So, what will you need to get started on this project?


  • Your choice of macramé cord — you can stick with one color or mix two
  • Some sharp scissors
  • Masking tape
  • A pet brush or a fine-toothed comb
  • A stick to hang your finished feathers on and pull together your beautiful wall art

Note: If you decide to use two colors, it is up to you how you would like to mix them. A good place to start is half and half. After you have made one, you can adjust this based on your own preference. Remember that the bottom half will be the same color as your feather’s spine!

How to create the macramé

Step 1: Decide how long you would like your feathers to hang. For this project, I chose to make one centered feather the longest and add two shorter and smaller feathers on either side.
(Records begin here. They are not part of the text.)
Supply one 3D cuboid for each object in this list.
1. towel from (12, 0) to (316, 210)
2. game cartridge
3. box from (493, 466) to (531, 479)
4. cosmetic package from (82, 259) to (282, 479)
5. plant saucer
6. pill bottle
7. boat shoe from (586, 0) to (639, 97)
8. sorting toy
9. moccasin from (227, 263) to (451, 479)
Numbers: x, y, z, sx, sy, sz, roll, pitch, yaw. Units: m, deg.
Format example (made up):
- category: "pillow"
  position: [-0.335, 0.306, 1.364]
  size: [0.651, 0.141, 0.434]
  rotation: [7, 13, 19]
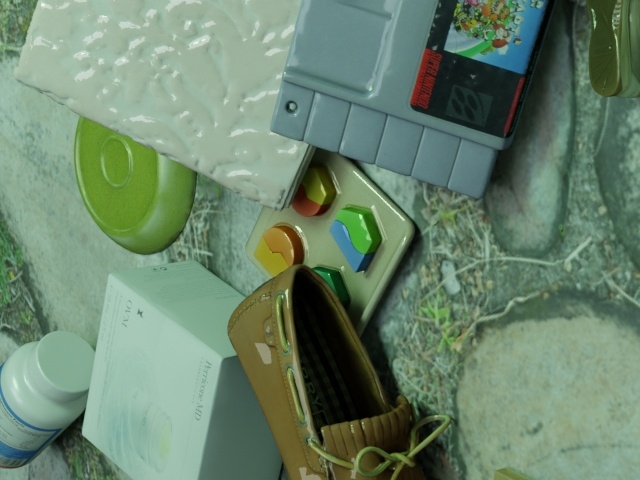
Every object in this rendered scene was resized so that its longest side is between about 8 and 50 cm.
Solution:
- category: "towel"
  position: [-0.127, -0.228, 1.588]
  size: [0.332, 0.053, 0.317]
  rotation: [27, 118, 4]
- category: "game cartridge"
  position: [0.102, -0.232, 1.420]
  size: [0.230, 0.068, 0.355]
  rotation: [20, 113, 12]
- category: "box"
  position: [0.227, 0.325, 1.457]
  size: [0.201, 0.021, 0.164]
  rotation: [21, 110, 56]
- category: "cosmetic package"
  position: [-0.151, 0.175, 1.791]
  size: [0.225, 0.138, 0.224]
  rotation: [31, 118, 39]
- category: "plant saucer"
  position: [-0.244, -0.099, 1.923]
  size: [0.241, 0.037, 0.241]
  rotation: [11, 105, 47]
- category: "pill bottle"
  position: [-0.386, 0.211, 2.066]
  size: [0.221, 0.124, 0.124]
  rotation: [-42, 65, 42]
- category: "boat shoe"
  position: [0.268, -0.202, 1.343]
  size: [0.056, 0.048, 0.153]
  rotation: [-1, 89, 60]
- category: "sorting toy"
  position: [0.000, 0.000, 1.668]
  size: [0.208, 0.038, 0.193]
  rotation: [49, 129, 31]
- category: "moccasin"
  position: [0.042, 0.202, 1.583]
  size: [0.147, 0.139, 0.380]
  rotation: [-41, 66, 46]
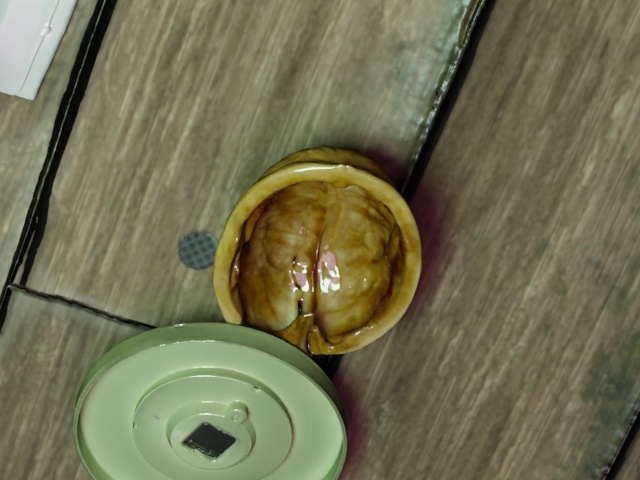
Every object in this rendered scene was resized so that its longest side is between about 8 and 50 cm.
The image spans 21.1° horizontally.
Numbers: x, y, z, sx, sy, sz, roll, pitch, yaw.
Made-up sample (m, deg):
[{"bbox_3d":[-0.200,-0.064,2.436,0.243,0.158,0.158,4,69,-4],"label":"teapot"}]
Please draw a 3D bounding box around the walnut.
[{"bbox_3d":[0.001,-0.003,1.408,0.167,0.087,0.211,12,128,-7],"label":"walnut"}]

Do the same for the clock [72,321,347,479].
[{"bbox_3d":[-0.095,0.166,1.469,0.235,0.029,0.235,1,128,1],"label":"clock"}]

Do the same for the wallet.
[{"bbox_3d":[-0.232,-0.174,1.356,0.061,0.025,0.122,20,109,-20],"label":"wallet"}]
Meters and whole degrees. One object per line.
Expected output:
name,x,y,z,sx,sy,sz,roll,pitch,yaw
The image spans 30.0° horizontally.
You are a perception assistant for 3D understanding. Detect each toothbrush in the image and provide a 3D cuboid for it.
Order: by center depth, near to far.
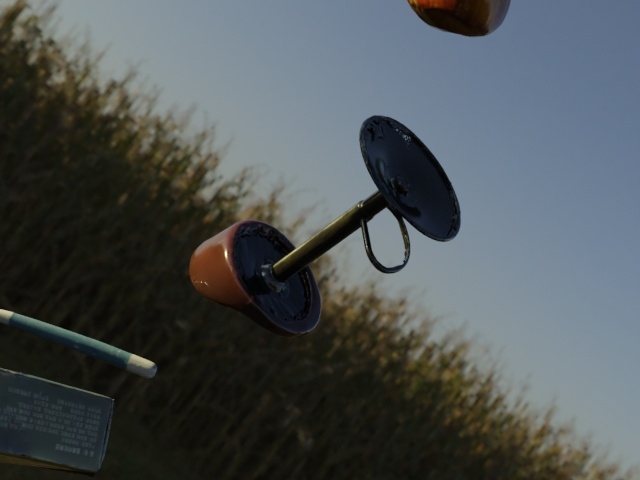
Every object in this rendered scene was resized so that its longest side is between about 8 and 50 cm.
toothbrush,-0.299,0.087,1.236,0.275,0.019,0.025,20,30,-3

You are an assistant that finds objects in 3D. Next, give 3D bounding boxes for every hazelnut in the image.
hazelnut,0.189,-0.342,1.575,0.150,0.150,0.150,38,-5,4

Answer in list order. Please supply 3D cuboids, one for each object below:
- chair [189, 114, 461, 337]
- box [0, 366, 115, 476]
chair,0.000,0.000,1.893,0.226,0.401,0.227,36,35,-31
box,-0.604,0.263,1.898,0.372,0.138,0.420,-1,-17,35
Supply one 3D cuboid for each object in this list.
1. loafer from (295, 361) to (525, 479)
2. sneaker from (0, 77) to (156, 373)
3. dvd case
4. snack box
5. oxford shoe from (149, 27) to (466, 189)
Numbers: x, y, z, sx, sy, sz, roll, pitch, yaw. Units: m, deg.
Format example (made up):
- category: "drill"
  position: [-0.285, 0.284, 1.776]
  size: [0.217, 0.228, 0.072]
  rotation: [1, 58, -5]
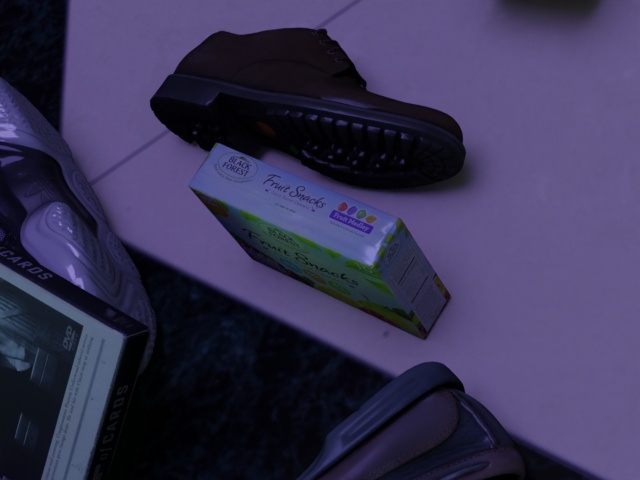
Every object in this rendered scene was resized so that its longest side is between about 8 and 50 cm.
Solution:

This will be a personal preference. When you have decided on your length add 2cm allowance for attaching to your stick and 2cm for your initial overhand knot. Once you have your final measurement double it and you are ready. This is your feather’s spine.

Step 2: Decide how wide you would like your feather to be. This measurement will give you the length of your perpendicular strands. It will also give you the length that you need to leave at the bottom of your feather. For this project, I used twenty-eight 20cm perpendicular cords for the large feather and twenty-two 16cm ones for the smaller feathers.
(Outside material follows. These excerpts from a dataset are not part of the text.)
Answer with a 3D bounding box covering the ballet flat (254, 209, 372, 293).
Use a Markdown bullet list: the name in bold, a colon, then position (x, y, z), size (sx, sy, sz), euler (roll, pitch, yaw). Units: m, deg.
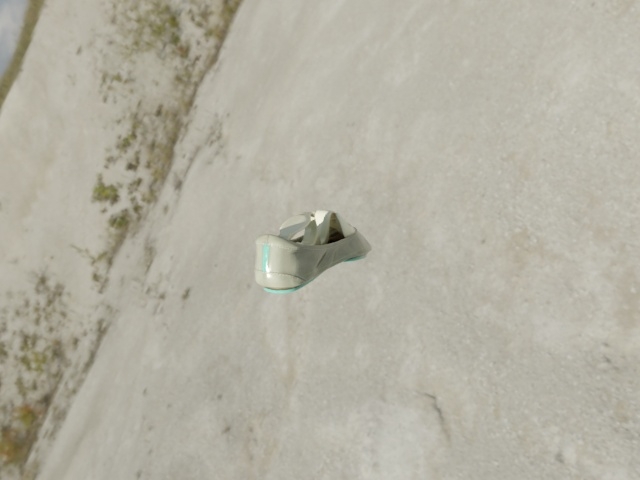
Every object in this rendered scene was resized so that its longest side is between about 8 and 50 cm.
- **ballet flat**: position (0.000, 0.000, 0.762), size (0.213, 0.072, 0.068), euler (-23, -68, -62)
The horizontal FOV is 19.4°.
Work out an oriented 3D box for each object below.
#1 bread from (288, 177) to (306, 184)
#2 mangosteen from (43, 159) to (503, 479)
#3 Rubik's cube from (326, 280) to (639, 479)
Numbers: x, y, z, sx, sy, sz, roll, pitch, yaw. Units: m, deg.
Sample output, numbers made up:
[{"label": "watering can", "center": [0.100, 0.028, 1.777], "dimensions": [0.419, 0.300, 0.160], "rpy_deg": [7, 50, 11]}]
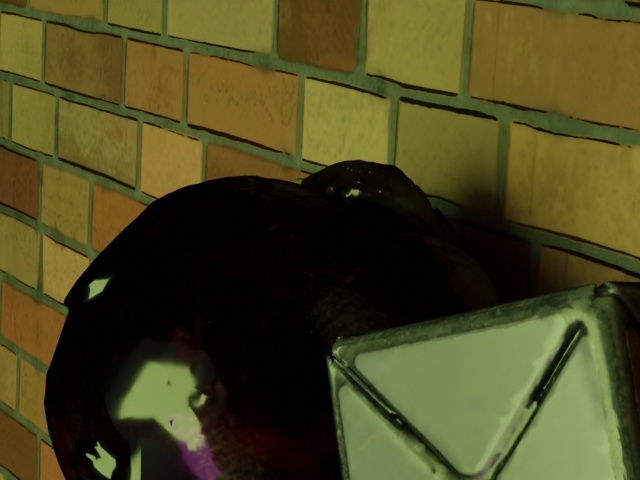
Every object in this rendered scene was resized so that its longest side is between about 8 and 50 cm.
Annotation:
[{"label": "bread", "center": [0.000, 0.000, 1.882], "dimensions": [0.156, 0.064, 0.117], "rpy_deg": [47, 127, 51]}, {"label": "mangosteen", "center": [-0.040, 0.106, 1.572], "dimensions": [0.381, 0.381, 0.421], "rpy_deg": [-49, 17, 51]}, {"label": "Rubik's cube", "center": [0.181, 0.169, 1.305], "dimensions": [0.260, 0.259, 0.255], "rpy_deg": [-16, 76, 38]}]
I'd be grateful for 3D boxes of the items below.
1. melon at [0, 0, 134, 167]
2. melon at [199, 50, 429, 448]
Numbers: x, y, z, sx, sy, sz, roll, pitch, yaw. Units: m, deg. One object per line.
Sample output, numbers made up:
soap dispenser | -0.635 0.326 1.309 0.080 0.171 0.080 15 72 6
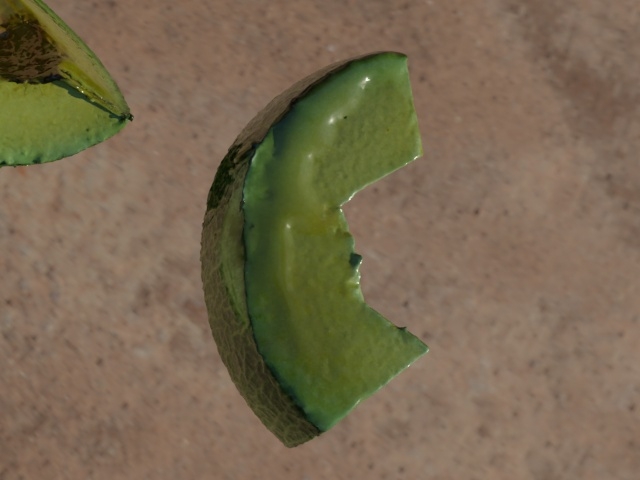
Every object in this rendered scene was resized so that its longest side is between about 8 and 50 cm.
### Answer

Step 3: Now that you have decided on your feather’s width, you can tie your overhand knot at the bottom to stop any of your perpendicular cords from sliding off. Before you pull it tight you may need to slide it up or down a little so that it is the same length as your perpendicular cords folded in half. Tape the top of the spine to your work surface with masking tape to keep it still while you add the perpendicular cords.

Step 4: Now to give your feather some girth! Start by folding two of your perpendicular cords in half and laying one on top of the feather’s spine and one underneath. Pull the ends of the cords through the loops made on either end. Pull tight and slide down to sit on top of your overhand knot. With the next pair, reverse the order laying the opposite side on top so that the visible cord alternates with each pair (if you start with the left side underneath, next time put the left on the top).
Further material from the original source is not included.